Sir, - Carol Coulter (September 3rd) writes that "Unitarians trace their roots back to the first Protestant Dissenters in Dublin in the 16th century".
That is certainly news to me. The Hungarian Ferenc Dávid, a Unitarian dissenter from orthodoxy, propagated Unitarian views publicly as leader of the Transylvanian Unitarian Church from 1566 to 1578, when he was arrested and imprisoned.
But it was at least two generations after Dávid before Unitarianism in any organised form reached Britain and Ireland. The oldest surviving Unitarian church in England is Toxteth Chapel in Liverpool (1618), and although in 1923 the then Cork Unitarian Minister William Weatherall hypothesised that there may have been Unitarian stirrings in Cork in the 1620s, that remains conjectural.
The earliest firm foundation dates in Ireland are Dublin, c.1649, and Clonmel, Bandon, Tipperary and Cork in the mid to late 1660s. The oldest Unitarian church surviving in Ireland now is Cork's New Meeting House, opened on August 4th, 1717 to replace an earlier building. The New Meeting House is thus not only a priceless example of the Irish Unitarian heritage, but also, into the bargain, Cork's oldest surviving church.
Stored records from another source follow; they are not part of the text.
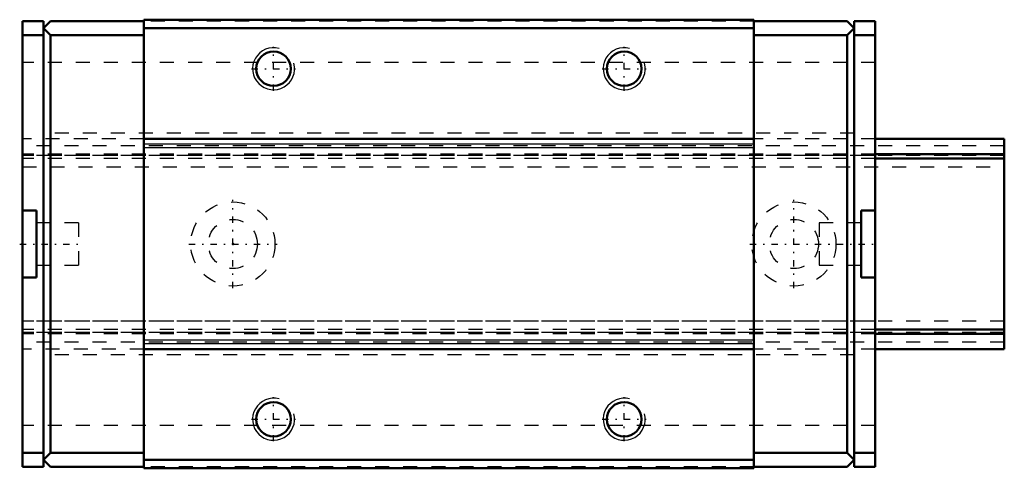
# Model space of a CAD drawing. Header units: millimetres. Extents: x -15.2 to 55, y -16 to 16.
import ezdxf

# ---------------------------------------------------------------- set-up
doc = ezdxf.new("R2010")
doc.units = ezdxf.units.MM
doc.linetypes.add('Center', pattern=[1.5, 0.45, -0.5, 0.05, -0.5])
doc.linetypes.add('Dashed', pattern=[2, 1, -1])
for name, color, linetype, lineweight in [('2d ConnectionPoints', 7, 'Continuous', 50), ('AM_0', 7, 'Continuous', 50), ('AM_4', 3, 'Continuous', 25), ('AM_5', 3, 'Continuous', 25), ('AM_7', 7, 'Center', 25), ('AM_9', 6, 'Dashed', 25)]:
    doc.layers.add(name, color=color, linetype=linetype, lineweight=lineweight)

# ---------------------------------------------------------------- blocks, each defined once
blk = doc.blocks.new('1_SRS15NSS1_Slider_0_in_SRS15NSS70LMG150W00001_4')
at = {"layer": 'AM_0'}
for p, q in [((-15, 15.9), (-15, -15.9)), ((-15, 15.9), (-13.5, 15.9)), ((-13, 15.9), (-13.5, 15.4)), ((-13.5, -15.9), (-13.5, 15.9)), ((-13, 15.9), (-6.35, 15.9)), ((37.15, 16), (-6.35, 16)), ((-6.35, 16), (-6.35, -16)), ((37.15, 16), (37.15, -16)), ((43.8, 15.9), (37.15, 15.9)), ((43.8, 15.9), (44.3, 15.4)), ((44.3, -15.9), (44.3, 15.9)), ((45.8, 15.9), (44.3, 15.9)), ((45.8, 15.9), (45.8, -15.9)), ((-15, 14.9), (-13.5, 14.9)), ((-13.5, 15.4), (-13, 14.9)), ((-13, 14.9), (-6.35, 14.9)), ((-13, 14.9), (-13, -14.9)), ((37.15, 15.4), (-6.35, 15.4)), ((43.8, 14.9), (37.15, 14.9)), ((44.3, 15.4), (43.8, 14.9)), ((43.8, 14.9), (43.8, -14.9)), ((45.8, 14.9), (44.3, 14.9)), ((37.15, 7.5), (-6.35, 7.5)), ((-15, 2.4), (-14, 2.4)), ((-14, -2.4), (-14, 2.4)), ((44.8, 2.4), (45.8, 2.4)), ((44.8, 2.4), (44.8, -2.4)), ((-14, -2.4), (-15, -2.4)), ((45.8, -2.4), (44.8, -2.4)), ((37.15, -7.5), (-6.35, -7.5)), ((-15, -14.9), (-13.5, -14.9)), ((-13, -14.9), (-13.5, -15.4)), ((-13.5, -15.4), (-13, -15.9)), ((-13, -14.9), (-6.35, -14.9)), ((37.15, -15.4), (-6.35, -15.4)), ((43.8, -14.9), (37.15, -14.9)), ((43.8, -14.9), (44.3, -15.4)), ((44.3, -15.4), (43.8, -15.9)), ((45.8, -14.9), (44.3, -14.9)), ((-15, -15.9), (-13.5, -15.9)), ((-13, -15.9), (-6.35, -15.9)), ((37.15, -16), (-6.35, -16)), ((43.8, -15.9), (37.15, -15.9)), ((45.8, -15.9), (44.3, -15.9))]:
    blk.add_line(p, q, dxfattribs=at)
for centre in [(2.9, 12.5), (27.9, 12.5), (2.9, -12.5), (27.9, -12.5)]:
    blk.add_circle(centre, 1.23, dxfattribs=at)
at = {"layer": 'AM_4'}
for p, q in [((37.15, 7.119), (-6.35, 7.119)), ((37.15, 6.862), (-6.35, 6.862)), ((37.15, -6.862), (-6.35, -6.862)), ((37.15, -7.119), (-6.35, -7.119))]:
    blk.add_line(p, q, dxfattribs=at)
at = {"layer": 'AM_5'}
for centre in [(2.9, 12.5), (27.9, 12.5), (2.9, -12.5), (27.9, -12.5)]:
    blk.add_arc(centre, 1.5, 75, 15, dxfattribs=at)
at = {"layer": 'AM_7'}
for p, q in [((2.9, 10.925), (2.9, 14.075)), ((27.9, 10.925), (27.9, 14.075)), ((1.325, 12.5), (4.475, 12.5)), ((26.325, 12.5), (29.475, 12.5)), ((-15.2, 0), (-10.8, 0)), ((36.85, 0), (46, 0)), ((2.9, -14.075), (2.9, -10.925)), ((27.9, -14.075), (27.9, -10.925)), ((1.325, -12.5), (4.475, -12.5)), ((26.325, -12.5), (29.475, -12.5))]:
    blk.add_line(p, q, dxfattribs=at)
at = {"layer": 'AM_9'}
for p, q in [((37.15, 15.9), (-6.35, 15.9)), ((45.8, 12.94), (-15, 12.94)), ((44.3, 7.9), (-13.5, 7.9)), ((-6.35, 7.5), (-15, 7.5)), ((45.8, 7.5), (37.15, 7.5)), ((45.8, 6.4), (-15, 6.4)), ((45.8, 6.323), (-15, 6.323)), ((45.8, 6.1), (-15, 6.1)), ((-15, 5.5), (45.8, 5.5)), ((-11, 1.5), (-14, 1.5)), ((-11, 1.5), (-11, -1.5)), ((41.8, 1.5), (41.8, -1.5)), ((44.8, 1.5), (41.8, 1.5)), ((-14, -1.5), (-11, -1.5)), ((41.8, -1.5), (44.8, -1.5)), ((45.8, -5.5), (-15, -5.5)), ((45.8, -6.1), (-15, -6.1)), ((45.8, -6.323), (-15, -6.323)), ((45.8, -6.4), (-15, -6.4)), ((-6.35, -7.5), (-15, -7.5)), ((45.8, -7.5), (37.15, -7.5)), ((44.3, -7.9), (-13.5, -7.9)), ((45.8, -12.94), (-15, -12.94)), ((37.15, -15.9), (-6.35, -15.9))]:
    blk.add_line(p, q, dxfattribs=at)
blk = doc.blocks.new('2_SRS15N7015_Track_0_in_SRS15NSS70LMG150W00001_4')
at = {"layer": 'AM_0'}
for p, q in [((55, 7.5), (45.8, 7.5)), ((55, 7.5), (55, -7.5)), ((55, 6.4), (45.8, 6.4)), ((55, 6.1), (45.8, 6.1)), ((55, -6.1), (45.8, -6.1)), ((55, -6.4), (45.8, -6.4)), ((55, -7.5), (45.8, -7.5))]:
    blk.add_line(p, q, dxfattribs=at)
at = {"layer": 'AM_7'}
for p, q in [((0, -3.15), (0, 3.15)), ((40, -3.15), (40, 3.15)), ((-3.15, 0), (3.15, 0))]:
    blk.add_line(p, q, dxfattribs=at)
at = {"layer": 'AM_9'}
for p, q in [((-6.35, 7.5), (-15, 7.5)), ((45.8, 7.5), (37.15, 7.5)), ((55, 7), (-15, 7)), ((45.8, 6.4), (-15, 6.4)), ((55, 6.323), (-15, 6.323)), ((45.8, 6.1), (-15, 6.1)), ((-15, 5.5), (55, 5.5)), ((55, -5.5), (-15, -5.5)), ((45.8, -6.1), (-15, -6.1)), ((55, -6.323), (-15, -6.323)), ((45.8, -6.4), (-15, -6.4)), ((55, -7), (-15, -7)), ((-6.35, -7.5), (-15, -7.5)), ((45.8, -7.5), (37.15, -7.5))]:
    blk.add_line(p, q, dxfattribs=at)
for centre, radius in [((0, 0), 3), ((40, 0), 3), ((0, 0), 1.75), ((40, 0), 1.75)]:
    blk.add_circle(centre, radius, dxfattribs=at)

msp = doc.modelspace()

# ---------------------------------------------------------------- linework, layer by layer
at = {"layer": '2d ConnectionPoints'}
for p in [(-15, 0), (0, 0), (0, 0)]:
    msp.add_point(p, dxfattribs=at)

# ---------------------------------------------------------------- block references
for name in ['1_SRS15NSS1_Slider_0_in_SRS15NSS70LMG150W00001_4', '2_SRS15N7015_Track_0_in_SRS15NSS70LMG150W00001_4']:
    msp.add_blockref(name, (0, 0))

doc.saveas('drawing.dxf')

I know of no Unitarian survivals in Ireland from the early Celtic period, such as are found in Wales in the very early stone crosses at Margam inscribed and dedicated "In the name of the Most High God". Can any Irish antiquarian or mediaevalist adduce any Irish parallels for these very early Welsh Unitarian remains? - Yours, etc.,
Dr MARTIN PULBROOK,
New Meeting House,
Prince's Street, Cork.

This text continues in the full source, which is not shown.